A democracia sob ataque
Ao planejar assassinatos seletivos, os golpistas da extrema-direita bolsonarista mostraram que seu objetivo não era apenas impedir que um governo democraticamente eleito assumisse. Era também o de ressuscitar os métodos assassinos da ditadura de 1964. O bolsonarismo não criou nada de novo. Apenas reciclou o velho projeto de terror militar que marcou o período mais sombrio da história brasileira. Se a Operação Punhal Verde-Amarelo — minuciosamente elaborada pela organização criminosa liderada por Bolsonaro — tivesse sido executada, o Brasil estaria hoje mergulhado novamente nos horrores de um regime autoritário e sangrento. Revelada pela Polícia Federal em 2023, no âmbito da Operação Contragolpe, a trama foi um plano de caráter terrorista e golpista, que seria executado pelos “Kids Pretos”, militares das Forças Especiais do Exército, com o objetivo de eliminar fisicamente líderes e os pilares da democracia brasileira.
O plano incluía o uso de arsenal de guerra
Os documentos apreendidos indicam que o presidente Lula e o vice Alckmin seriam envenenados, enquanto Alexandre de Moraes seria seguido, monitorado e provavelmente sequestrado, torturado e morto. O plano incluía o uso de arsenal de guerra — fuzis, metralhadoras e lança-granadas — além da criação de um “gabinete de crise” para assumir o poder após os assassinatos. O general da reserva Mário Fernandes admitiu ter idealizado a operação, e o general Braga Netto foi citado como responsável por financiar a ação, inclusive entregando dinheiro em espécie para viabilizar a logística. A operação não foi apenas uma tentativa de golpe. Foi uma ameaça concreta de reinstaurar o autoritarismo armado, com métodos que ecoam os porões da repressão enfrentados por Frei Tito e centenas de pessoas. A história se repete, e lembrar Tito e os torturados e assassinados de 1964 é também resistir à repetição dos horrores que eles enfrentaram.
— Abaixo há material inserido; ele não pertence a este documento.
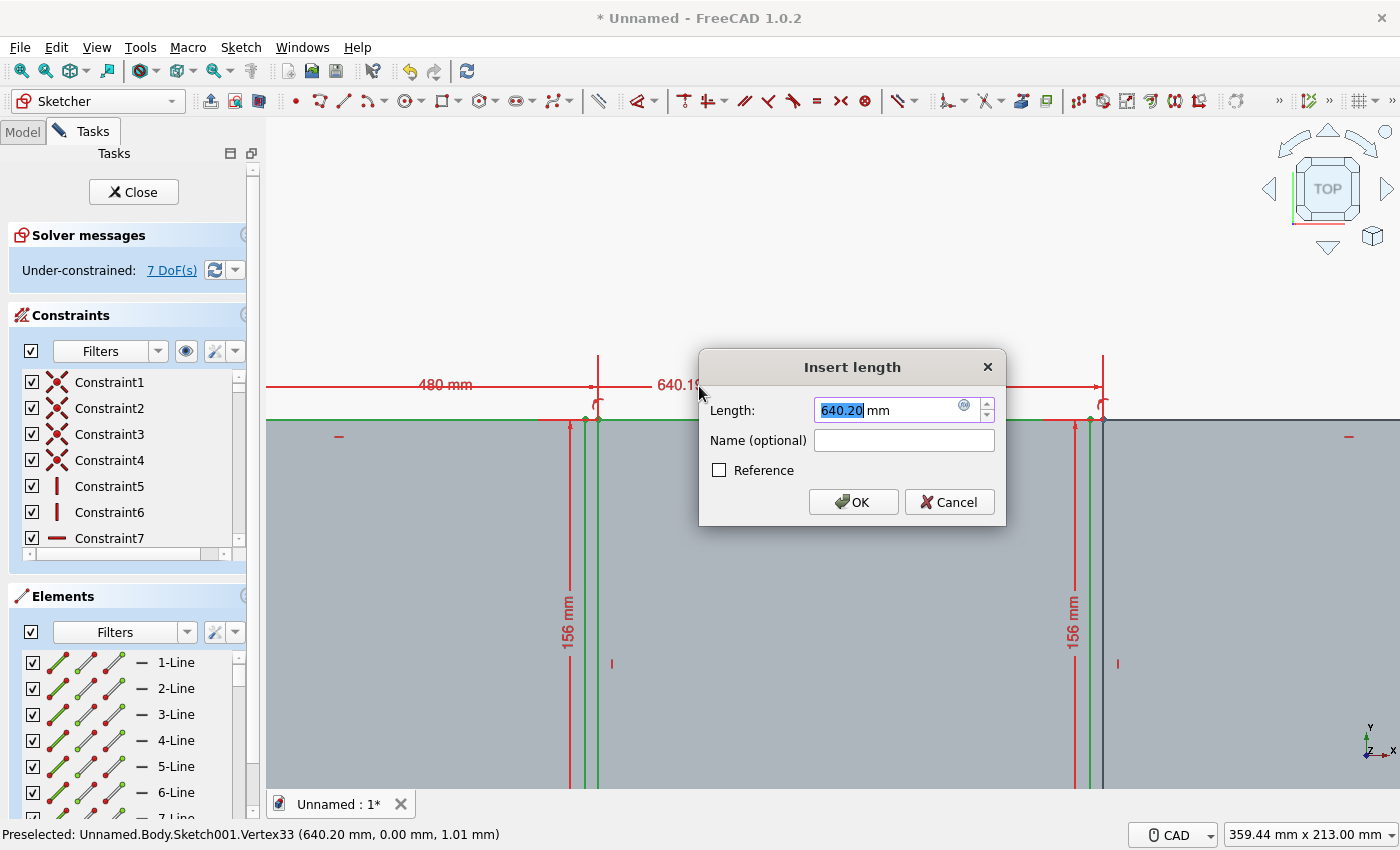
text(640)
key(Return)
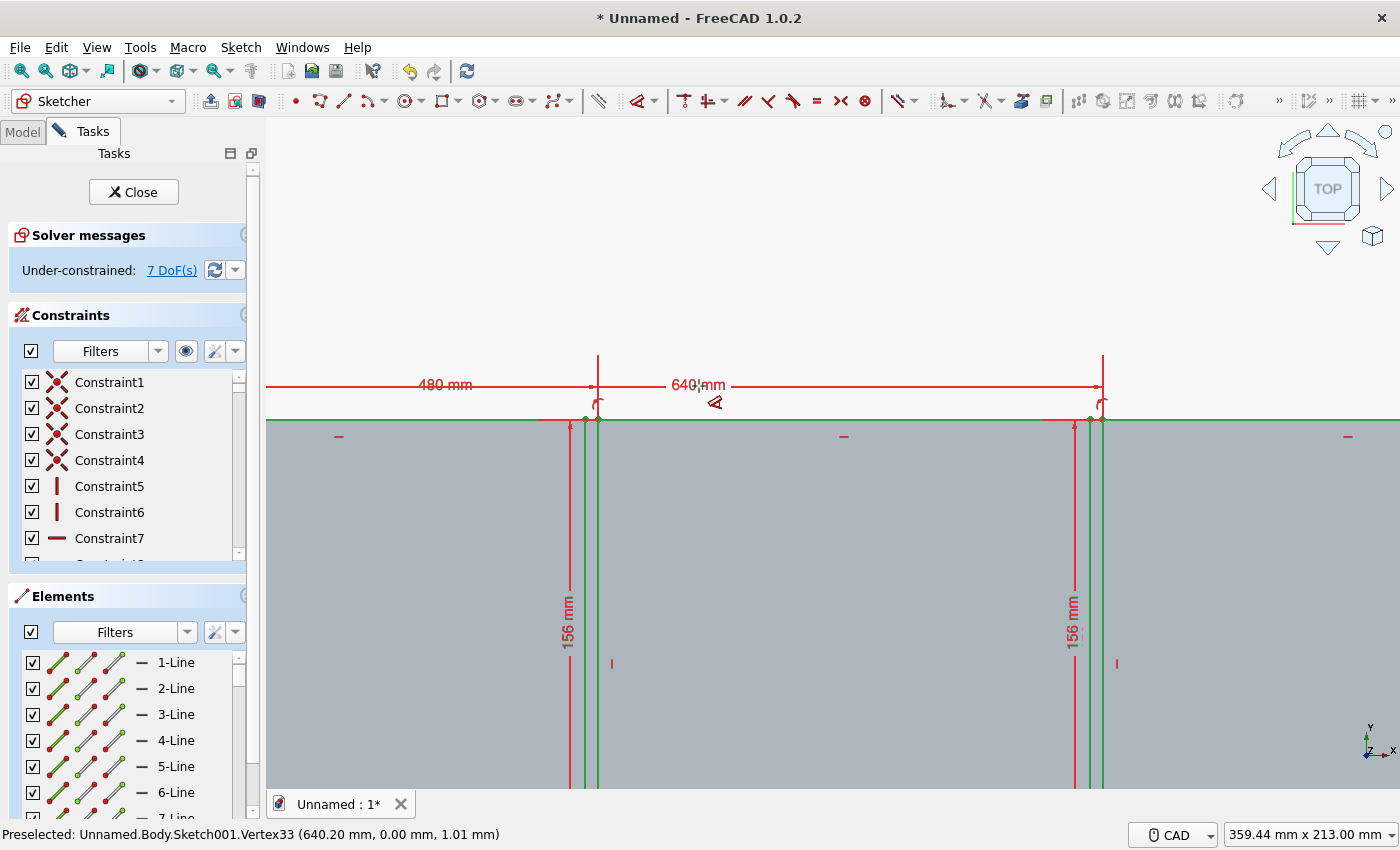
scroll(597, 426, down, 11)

A memória como resistência
A tentativa de golpe não foi apenas institucional. Foi física, violenta, planejada com precisão militar. E é justamente por isso que a homenagem à memória de Frei Tito se torna ainda mais urgente. Ele é o símbolo de que a liberdade não é dada: é conquistada até com a própria vida. Ao inscrever Frei Tito no Livro dos Heróis e Heroínas da Pátria, o Brasil reafirma que a democracia foi regada com sangue, fé e coragem. E que os fantasmas do autoritarismo nunca se dão por vencidos. Continuam rondando nossas instituições à procura de um momento para atacar de novo.
Reconhecer Tito e todos os que tombaram ou sobreviveram às torturas da ditadura que durou 21 anos é, portanto, afirmar que a democracia não se curva diante da violência. Floresce da memória e da luta de seus mártires.
* Este é um artigo de opinião, de responsabilidade do autor, e não reflete a opinião do Brasil 247.